Pro Tip: Every condition needs its own result. If you add a logical_test without a matching value, Excel tells you that you’ve entered too few arguments.

When to Use the IFS Function

Use the IFS function when you need to:

  • Sort values into categories, like turning scores into labels or numbers into tiers.
  • Check several conditions at once and return a specific answer for each.
  • Replace a long, hard-to-read nested IF formula with something flatter and easier to follow.

Let me show you a few practical examples of how the IFS function works.

Example 1: Assign a Status From a Completion Percentage

Let’s start with a simple example.

Below is a small project tracker with the task name in column A and how far along it is (as a percentage) in column B. I want to turn each completion number into a plain-English status in column C.

Excel table with Task, Completion percentage, and empty Status columns for IFS function tutorial data

I want anything under 50% to read “Just Started”, anything under 90% to read “In Progress”, and the rest to read “Nearly Done”.

Here is the formula:

=IFS(B2:B6<50,"Just Started",B2:B6<90,"In Progress",B2:B6<=100,"Nearly Done")
Excel formula bar showing an IFS function assigning status labels based on percentage completion values in column B

Because I passed the whole range B2:B6 in one go, the formula spills a status down column C automatically.
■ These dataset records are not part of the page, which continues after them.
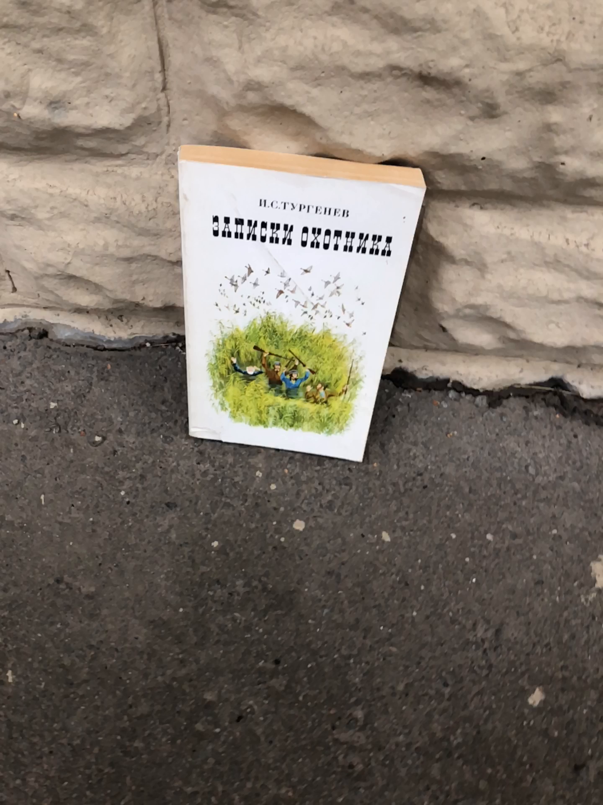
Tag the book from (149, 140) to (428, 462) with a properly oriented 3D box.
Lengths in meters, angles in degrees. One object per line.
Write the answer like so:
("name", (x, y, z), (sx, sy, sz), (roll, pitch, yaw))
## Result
("book", (-0.012, -0.050, 0.395), (0.137, 0.183, 0.032), (7, 40, 2))
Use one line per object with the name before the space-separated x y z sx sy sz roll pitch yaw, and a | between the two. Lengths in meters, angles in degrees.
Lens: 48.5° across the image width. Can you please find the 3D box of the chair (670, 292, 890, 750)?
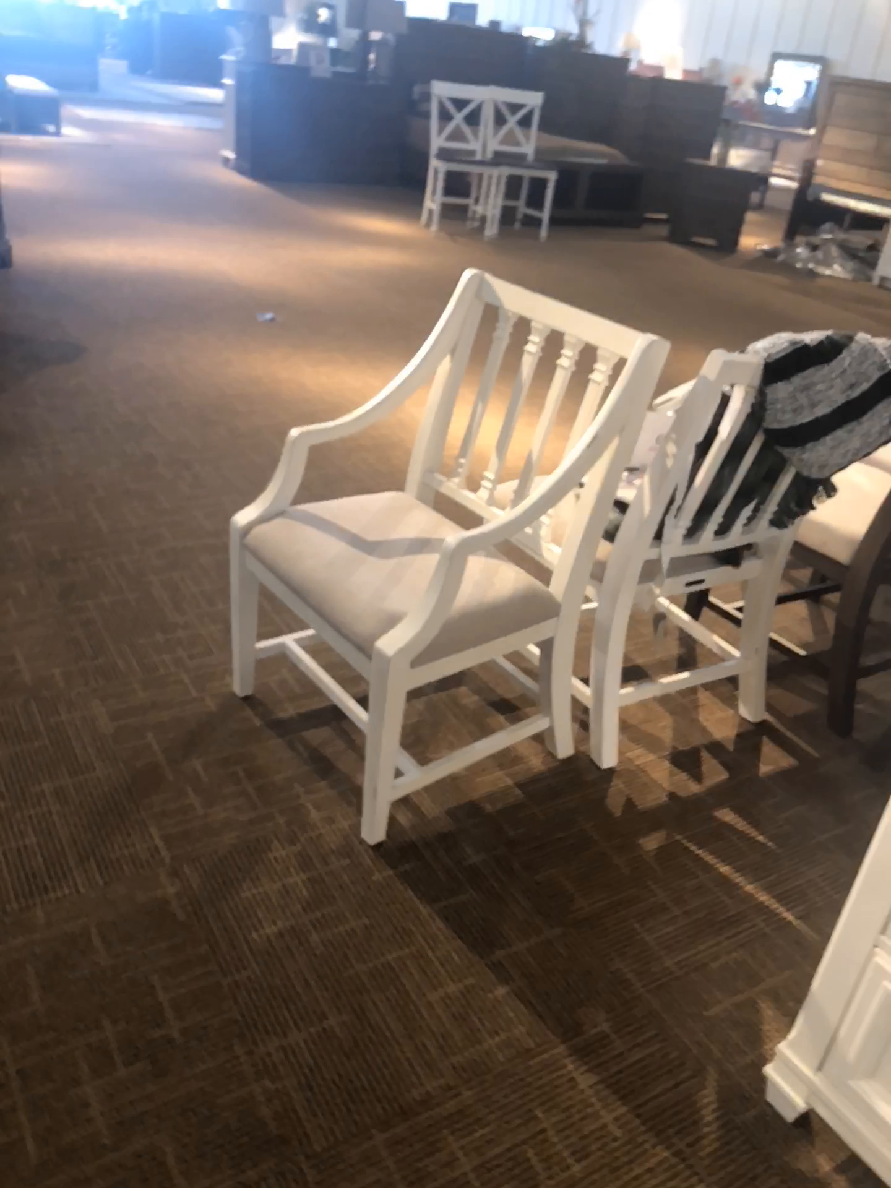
chair | 1.095 -0.219 2.422 0.682 0.886 0.582 -9 32 -29

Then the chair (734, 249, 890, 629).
chair | 1.403 -0.480 2.994 0.601 0.955 0.542 -7 31 -25

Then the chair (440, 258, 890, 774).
chair | 0.436 -0.210 2.185 0.561 0.886 0.642 -9 32 -29

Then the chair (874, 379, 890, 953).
chair | 1.576 0.088 2.089 0.872 0.886 0.602 -9 32 -28

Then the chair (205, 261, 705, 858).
chair | -0.051 -0.124 1.939 0.632 0.886 0.652 -11 33 -31
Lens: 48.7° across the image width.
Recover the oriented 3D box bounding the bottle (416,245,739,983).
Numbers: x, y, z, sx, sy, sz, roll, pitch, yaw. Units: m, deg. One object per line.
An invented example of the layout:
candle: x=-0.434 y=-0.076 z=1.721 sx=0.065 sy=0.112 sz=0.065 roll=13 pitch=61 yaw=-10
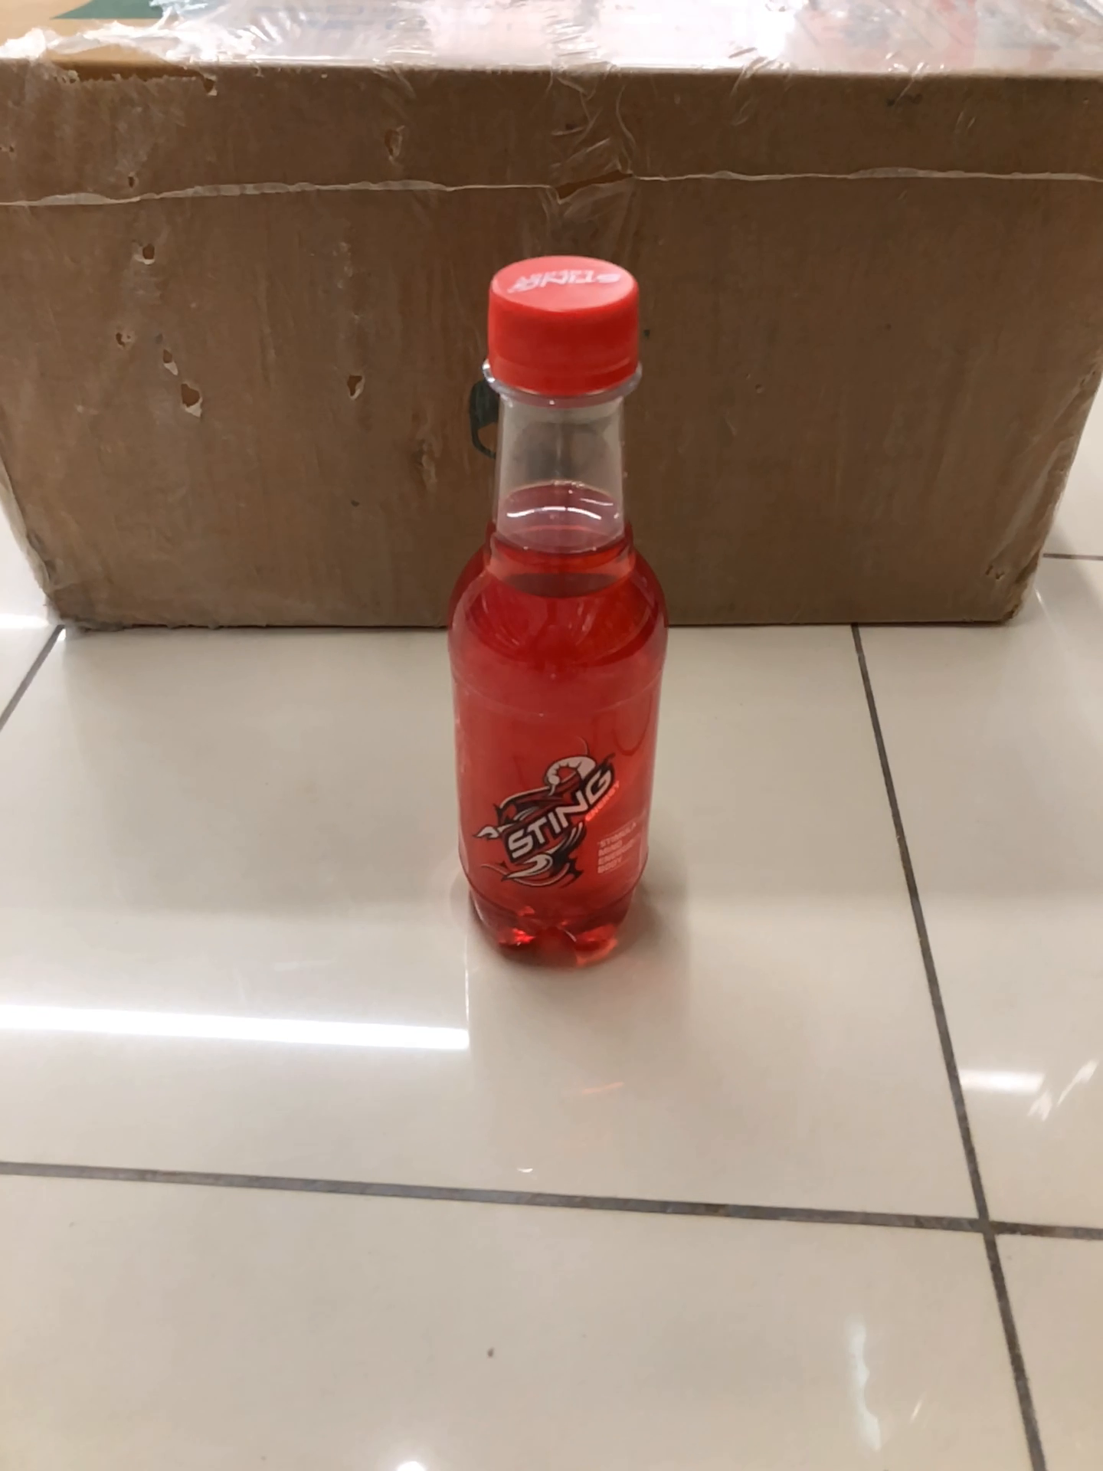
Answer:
bottle: x=0.005 y=-0.021 z=0.306 sx=0.060 sy=0.179 sz=0.060 roll=1 pitch=39 yaw=0
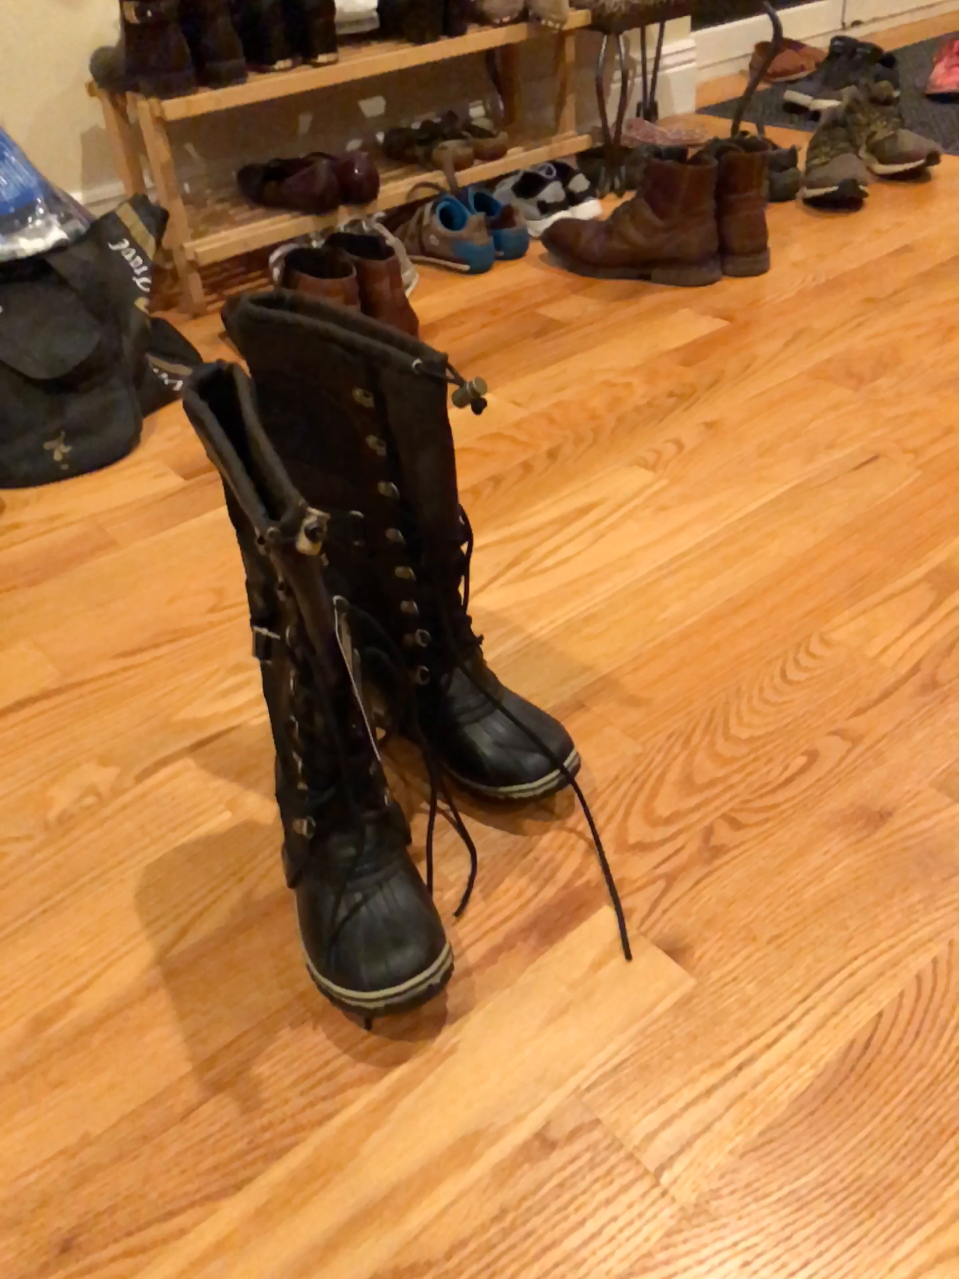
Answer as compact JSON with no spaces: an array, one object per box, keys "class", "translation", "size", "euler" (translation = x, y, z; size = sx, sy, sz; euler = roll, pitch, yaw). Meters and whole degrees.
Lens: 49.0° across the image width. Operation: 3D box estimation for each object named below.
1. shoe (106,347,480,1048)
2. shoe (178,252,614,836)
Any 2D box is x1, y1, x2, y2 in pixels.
[{"class":"shoe","translation":[-0.108,0.029,0.624],"size":[0.100,0.308,0.261],"euler":[-18,39,-16]},{"class":"shoe","translation":[-0.046,-0.065,0.722],"size":[0.261,0.328,0.100],"euler":[24,46,32]}]

You type it once in C2 and Excel fills the rest, no dragging needed.

IFS checks each row against the conditions in order. A value of 65 fails the first test (under 50), passes the second (under 90), and returns “In Progress”. A value of 100 falls through to the last condition and returns “Nearly Done”.

The order is doing real work here. Since IFS stops at the first TRUE, the “under 90” test only ever sees values that already failed “under 50”, so each band is clean.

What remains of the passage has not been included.